I'll take the EPA, in the balance, but not without some frustration. I
was
born with hyper-individualism, too. And I really *like* carbon
tetrachloride. My precious, dwindling supply, which I keep next to my
four-pound bottle of mercury, has saved my bacon on some really tough
tapping jobs in hard steel....but maybe we shouldn't go there....


there are certainly some ridiculous outcomes, the panic over bottles or
spills of metallic mercury being one, however on the balance I cannot
imagine any other mechanism for dealing with the "tragedy of the
commons". We need to ensure that the full costs of something, and that
includes costs that accrue elsewhere - the example of acid rain, or
rivers poisoned by phosphates are both good examples - as are the
earthquakes in Arkansas from fracking, and of course photochemical
smog. If we could price these things so the creator pays then the "free
market" might work, but there is no practical mechanism to include
these effects in pricing.

Right. The horror story that I remember from my first engagement with
pollution issues was mine tailings in Lake Superior. The attitude of the
mining companies was incredible.
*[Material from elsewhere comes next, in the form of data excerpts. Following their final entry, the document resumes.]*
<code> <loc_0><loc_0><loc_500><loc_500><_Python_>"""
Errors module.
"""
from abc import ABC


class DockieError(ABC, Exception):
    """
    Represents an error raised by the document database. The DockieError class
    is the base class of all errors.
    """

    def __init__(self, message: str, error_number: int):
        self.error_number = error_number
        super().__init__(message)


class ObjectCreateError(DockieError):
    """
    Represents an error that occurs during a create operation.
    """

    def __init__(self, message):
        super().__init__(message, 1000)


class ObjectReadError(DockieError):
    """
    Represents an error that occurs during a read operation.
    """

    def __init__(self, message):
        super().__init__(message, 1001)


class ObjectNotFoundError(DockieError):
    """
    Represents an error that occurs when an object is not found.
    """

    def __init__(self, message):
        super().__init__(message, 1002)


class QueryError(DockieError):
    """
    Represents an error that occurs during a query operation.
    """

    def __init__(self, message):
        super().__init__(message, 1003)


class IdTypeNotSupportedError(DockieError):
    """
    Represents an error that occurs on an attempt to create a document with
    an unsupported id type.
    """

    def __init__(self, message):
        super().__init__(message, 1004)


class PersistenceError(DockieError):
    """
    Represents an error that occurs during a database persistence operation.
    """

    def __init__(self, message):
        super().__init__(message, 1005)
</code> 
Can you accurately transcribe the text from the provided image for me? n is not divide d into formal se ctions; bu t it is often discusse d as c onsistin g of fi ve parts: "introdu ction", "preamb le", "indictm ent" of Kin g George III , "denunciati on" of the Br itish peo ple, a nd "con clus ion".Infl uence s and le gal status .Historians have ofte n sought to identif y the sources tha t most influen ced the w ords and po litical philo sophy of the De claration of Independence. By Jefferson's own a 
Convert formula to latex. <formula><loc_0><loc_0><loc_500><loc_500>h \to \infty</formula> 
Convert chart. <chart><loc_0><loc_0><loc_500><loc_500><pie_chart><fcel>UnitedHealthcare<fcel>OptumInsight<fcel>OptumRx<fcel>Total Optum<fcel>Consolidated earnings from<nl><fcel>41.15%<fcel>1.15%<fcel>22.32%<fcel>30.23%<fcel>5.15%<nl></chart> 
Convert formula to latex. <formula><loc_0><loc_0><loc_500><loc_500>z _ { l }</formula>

They claimed it wasn't their problem.

So, we struggle along with an agency that has to do things that are
going to annoy people, or cost them money. So be it. There's no going
back, for those of us old enough to remember how dismal things looked
before there was an EPA.

--
Ed Huntress


Actually phosphorous in wastewater is not just a pollution issue. It is
also a matter of cost for sewage treatment plants. Removing phosporous
is the most complex and costly step in sewage treatment.


Well, based on some discussion in the (legitimate) greenie press out here
a few years back, they don't even try in most of the wastewater treatment
in this area.

It requires a biological holding pool, right? Algae or something.

--
Ed Huntress


There are special phosphorous absorbing algae, but most use reactions with
various inorganic compounds that require a specific pH. Then the precipate
has to be filtered or allowed to settle, then the pH re-adjusted.